(Beginning of Records to process)
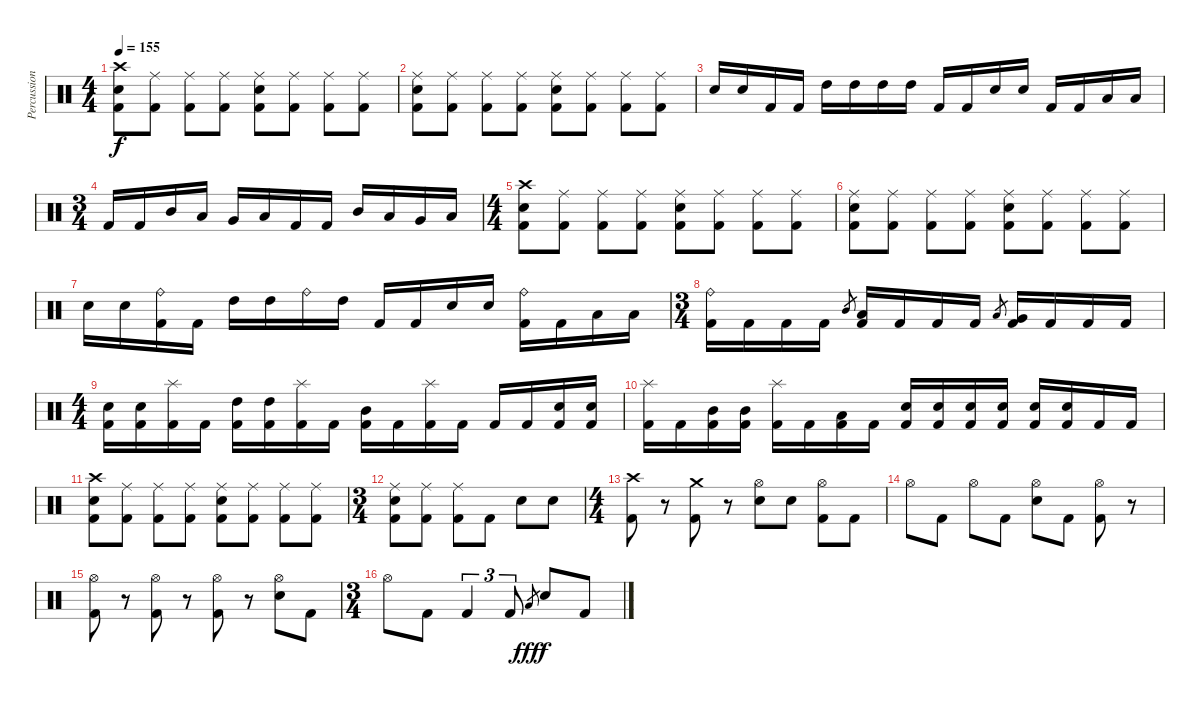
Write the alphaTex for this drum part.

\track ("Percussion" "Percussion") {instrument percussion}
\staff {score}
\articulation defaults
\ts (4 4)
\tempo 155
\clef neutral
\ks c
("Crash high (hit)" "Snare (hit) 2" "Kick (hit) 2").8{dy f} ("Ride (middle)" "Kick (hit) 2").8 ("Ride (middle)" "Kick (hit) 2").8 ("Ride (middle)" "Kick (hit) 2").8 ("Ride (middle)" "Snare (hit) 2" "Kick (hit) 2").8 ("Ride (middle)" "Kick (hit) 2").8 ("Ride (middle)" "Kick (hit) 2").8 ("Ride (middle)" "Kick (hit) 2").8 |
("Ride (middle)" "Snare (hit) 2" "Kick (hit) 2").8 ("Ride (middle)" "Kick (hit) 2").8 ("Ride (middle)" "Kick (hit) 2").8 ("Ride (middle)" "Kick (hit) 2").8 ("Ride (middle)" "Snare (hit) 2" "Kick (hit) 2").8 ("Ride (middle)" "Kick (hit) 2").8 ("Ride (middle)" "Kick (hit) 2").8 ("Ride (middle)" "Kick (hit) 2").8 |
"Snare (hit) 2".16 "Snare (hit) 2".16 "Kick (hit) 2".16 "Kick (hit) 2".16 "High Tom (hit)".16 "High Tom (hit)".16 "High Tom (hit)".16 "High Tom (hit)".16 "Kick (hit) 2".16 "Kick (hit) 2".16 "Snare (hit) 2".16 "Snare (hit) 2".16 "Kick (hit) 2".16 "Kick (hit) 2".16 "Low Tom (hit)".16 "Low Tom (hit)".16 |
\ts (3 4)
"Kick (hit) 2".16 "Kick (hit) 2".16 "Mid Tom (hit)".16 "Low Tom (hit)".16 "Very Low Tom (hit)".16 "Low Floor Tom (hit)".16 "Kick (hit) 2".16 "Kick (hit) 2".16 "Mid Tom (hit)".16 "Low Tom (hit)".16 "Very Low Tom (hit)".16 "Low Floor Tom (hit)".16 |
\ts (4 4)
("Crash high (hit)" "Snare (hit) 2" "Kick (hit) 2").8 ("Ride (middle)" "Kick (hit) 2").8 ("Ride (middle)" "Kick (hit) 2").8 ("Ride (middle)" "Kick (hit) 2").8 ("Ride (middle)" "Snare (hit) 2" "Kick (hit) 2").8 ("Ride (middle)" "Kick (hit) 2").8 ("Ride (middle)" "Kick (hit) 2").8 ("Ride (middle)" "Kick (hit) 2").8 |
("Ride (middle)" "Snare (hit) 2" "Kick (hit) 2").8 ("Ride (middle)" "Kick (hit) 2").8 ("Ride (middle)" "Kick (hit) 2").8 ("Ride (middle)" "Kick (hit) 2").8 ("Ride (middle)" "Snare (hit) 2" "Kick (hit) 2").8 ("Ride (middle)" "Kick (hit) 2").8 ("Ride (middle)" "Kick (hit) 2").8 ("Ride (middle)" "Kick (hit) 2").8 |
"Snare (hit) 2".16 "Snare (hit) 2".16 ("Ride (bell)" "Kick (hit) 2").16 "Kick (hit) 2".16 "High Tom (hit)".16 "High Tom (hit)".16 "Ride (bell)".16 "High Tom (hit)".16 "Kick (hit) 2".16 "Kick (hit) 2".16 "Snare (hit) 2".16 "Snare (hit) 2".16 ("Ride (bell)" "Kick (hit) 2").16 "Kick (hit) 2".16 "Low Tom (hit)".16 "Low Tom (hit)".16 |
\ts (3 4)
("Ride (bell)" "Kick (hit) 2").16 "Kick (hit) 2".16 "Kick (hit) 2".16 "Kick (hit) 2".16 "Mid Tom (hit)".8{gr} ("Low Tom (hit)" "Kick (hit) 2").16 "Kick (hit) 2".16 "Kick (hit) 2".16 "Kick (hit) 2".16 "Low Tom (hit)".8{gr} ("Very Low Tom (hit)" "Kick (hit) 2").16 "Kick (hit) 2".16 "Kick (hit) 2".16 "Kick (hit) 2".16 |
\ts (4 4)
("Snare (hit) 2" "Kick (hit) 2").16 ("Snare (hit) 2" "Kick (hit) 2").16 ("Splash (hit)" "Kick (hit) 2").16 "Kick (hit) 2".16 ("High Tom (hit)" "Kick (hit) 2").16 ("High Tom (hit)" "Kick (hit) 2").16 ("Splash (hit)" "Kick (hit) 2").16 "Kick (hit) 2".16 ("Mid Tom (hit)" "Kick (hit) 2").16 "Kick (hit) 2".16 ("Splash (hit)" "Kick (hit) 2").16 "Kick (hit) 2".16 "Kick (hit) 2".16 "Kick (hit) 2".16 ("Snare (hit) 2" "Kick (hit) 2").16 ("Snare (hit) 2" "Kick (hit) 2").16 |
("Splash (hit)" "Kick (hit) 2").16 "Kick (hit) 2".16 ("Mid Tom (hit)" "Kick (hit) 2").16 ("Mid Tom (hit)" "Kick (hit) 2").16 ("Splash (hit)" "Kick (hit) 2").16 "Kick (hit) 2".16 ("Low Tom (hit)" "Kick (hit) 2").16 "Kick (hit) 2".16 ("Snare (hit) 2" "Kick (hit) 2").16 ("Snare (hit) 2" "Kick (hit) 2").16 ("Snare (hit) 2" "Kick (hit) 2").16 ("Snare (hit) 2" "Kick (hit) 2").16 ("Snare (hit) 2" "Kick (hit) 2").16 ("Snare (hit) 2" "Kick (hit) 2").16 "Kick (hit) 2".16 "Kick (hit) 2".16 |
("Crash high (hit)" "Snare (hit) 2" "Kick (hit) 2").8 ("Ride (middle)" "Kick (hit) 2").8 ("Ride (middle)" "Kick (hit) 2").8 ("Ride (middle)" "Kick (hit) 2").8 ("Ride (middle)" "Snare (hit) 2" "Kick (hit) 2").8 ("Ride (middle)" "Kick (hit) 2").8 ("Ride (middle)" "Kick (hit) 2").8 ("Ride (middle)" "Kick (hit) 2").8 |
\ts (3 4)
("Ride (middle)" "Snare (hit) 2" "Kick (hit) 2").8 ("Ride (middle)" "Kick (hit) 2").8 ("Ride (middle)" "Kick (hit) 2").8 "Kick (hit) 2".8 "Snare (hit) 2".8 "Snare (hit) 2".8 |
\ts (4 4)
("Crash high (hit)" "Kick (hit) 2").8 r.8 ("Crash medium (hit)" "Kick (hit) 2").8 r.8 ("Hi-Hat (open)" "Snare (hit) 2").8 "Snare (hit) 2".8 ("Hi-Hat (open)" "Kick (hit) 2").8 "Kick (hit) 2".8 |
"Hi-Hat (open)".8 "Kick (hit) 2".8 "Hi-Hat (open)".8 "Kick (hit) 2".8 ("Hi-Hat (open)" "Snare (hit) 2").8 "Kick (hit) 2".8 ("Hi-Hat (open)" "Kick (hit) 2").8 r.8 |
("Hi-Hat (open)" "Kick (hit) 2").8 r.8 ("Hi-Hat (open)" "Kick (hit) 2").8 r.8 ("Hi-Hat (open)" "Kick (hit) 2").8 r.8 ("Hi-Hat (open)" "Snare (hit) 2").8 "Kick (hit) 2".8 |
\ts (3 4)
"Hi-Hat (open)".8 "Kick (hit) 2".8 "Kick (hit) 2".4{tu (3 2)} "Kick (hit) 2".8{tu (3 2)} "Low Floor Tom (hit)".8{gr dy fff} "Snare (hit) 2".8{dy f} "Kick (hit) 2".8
(End of Records to process)
(Beginning of Records to process)
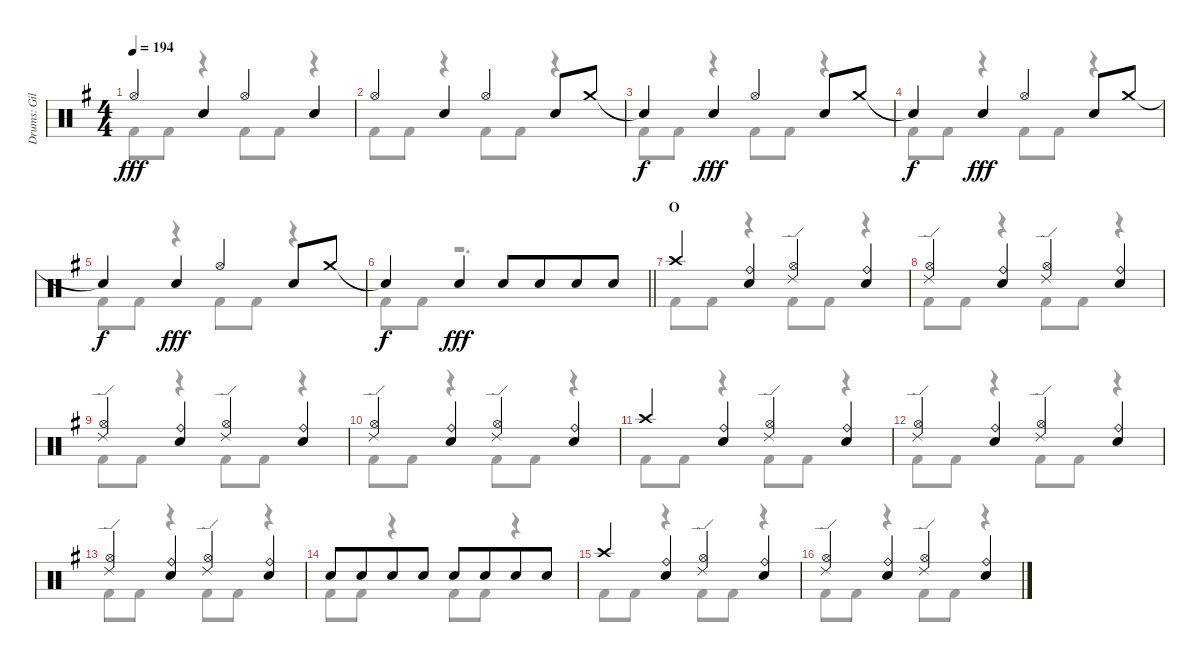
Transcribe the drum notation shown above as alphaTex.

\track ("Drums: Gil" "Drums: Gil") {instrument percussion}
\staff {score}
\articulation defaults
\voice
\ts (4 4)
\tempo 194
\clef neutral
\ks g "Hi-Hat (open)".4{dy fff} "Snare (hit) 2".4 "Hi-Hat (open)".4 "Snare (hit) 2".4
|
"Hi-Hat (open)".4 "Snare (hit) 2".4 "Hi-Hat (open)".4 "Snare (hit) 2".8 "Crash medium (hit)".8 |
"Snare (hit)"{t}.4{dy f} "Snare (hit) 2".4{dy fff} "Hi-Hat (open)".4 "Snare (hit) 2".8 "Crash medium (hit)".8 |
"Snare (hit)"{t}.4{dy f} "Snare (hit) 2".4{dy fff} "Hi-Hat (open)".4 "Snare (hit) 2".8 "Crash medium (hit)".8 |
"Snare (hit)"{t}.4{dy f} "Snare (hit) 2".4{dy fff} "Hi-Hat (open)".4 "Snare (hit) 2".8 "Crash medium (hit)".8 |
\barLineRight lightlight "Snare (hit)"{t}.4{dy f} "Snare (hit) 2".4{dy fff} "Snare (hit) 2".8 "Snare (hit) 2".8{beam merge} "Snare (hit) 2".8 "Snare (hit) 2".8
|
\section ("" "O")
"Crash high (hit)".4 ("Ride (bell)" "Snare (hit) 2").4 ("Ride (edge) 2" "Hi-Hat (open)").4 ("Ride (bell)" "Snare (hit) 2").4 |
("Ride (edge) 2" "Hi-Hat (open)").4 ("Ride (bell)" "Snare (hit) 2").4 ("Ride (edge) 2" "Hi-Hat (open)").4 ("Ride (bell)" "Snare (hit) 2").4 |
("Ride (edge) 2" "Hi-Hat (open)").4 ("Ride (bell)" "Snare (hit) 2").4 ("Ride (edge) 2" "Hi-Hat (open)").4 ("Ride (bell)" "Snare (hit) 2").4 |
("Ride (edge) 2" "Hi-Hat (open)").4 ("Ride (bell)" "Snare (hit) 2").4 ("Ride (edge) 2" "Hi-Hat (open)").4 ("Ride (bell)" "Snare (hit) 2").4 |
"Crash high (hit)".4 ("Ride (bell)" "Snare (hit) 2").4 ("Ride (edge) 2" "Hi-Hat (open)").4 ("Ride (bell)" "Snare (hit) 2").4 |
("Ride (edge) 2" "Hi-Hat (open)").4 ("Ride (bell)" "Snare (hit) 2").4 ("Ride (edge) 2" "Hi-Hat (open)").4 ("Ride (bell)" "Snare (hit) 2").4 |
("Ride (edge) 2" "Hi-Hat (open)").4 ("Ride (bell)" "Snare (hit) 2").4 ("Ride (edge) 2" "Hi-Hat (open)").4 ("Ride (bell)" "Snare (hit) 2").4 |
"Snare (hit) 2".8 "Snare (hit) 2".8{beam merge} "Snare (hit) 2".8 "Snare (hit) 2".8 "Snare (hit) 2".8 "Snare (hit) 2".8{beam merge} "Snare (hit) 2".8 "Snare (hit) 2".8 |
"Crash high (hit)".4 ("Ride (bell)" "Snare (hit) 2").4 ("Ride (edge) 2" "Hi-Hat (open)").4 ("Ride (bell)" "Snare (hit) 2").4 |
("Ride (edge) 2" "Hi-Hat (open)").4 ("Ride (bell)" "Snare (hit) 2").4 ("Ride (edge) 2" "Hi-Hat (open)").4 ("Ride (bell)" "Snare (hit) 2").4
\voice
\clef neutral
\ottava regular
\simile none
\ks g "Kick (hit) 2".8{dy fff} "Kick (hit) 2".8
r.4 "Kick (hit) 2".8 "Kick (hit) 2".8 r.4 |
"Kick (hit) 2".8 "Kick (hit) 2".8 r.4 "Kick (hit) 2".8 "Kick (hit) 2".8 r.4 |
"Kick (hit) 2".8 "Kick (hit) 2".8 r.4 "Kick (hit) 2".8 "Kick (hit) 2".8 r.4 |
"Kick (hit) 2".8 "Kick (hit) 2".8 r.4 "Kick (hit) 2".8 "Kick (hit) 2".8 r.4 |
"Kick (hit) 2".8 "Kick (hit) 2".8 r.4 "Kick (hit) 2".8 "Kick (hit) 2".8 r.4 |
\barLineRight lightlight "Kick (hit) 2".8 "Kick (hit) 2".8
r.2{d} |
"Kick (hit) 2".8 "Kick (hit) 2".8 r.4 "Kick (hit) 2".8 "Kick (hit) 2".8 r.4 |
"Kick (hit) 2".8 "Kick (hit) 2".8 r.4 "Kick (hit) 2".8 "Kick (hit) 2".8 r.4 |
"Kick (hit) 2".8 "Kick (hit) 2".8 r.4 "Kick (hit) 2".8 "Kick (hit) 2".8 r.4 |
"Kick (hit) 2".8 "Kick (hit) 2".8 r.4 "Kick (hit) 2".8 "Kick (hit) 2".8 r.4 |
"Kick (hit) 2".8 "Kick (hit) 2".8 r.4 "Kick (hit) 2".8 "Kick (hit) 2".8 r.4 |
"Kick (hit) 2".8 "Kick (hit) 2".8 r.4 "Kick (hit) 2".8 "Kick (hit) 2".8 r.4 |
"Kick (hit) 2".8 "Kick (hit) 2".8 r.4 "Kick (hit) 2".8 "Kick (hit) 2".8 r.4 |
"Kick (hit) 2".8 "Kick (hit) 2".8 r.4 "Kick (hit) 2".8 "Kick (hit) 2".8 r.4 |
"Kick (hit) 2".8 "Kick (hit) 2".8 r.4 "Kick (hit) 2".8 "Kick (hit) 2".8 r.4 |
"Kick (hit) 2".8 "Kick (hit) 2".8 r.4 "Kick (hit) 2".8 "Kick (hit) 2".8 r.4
(End of Records to process)
▸ **Aim of the task**:
Tally the lines in the records that hold the word "track". Give only the total.

▸ **Output of the task**:
2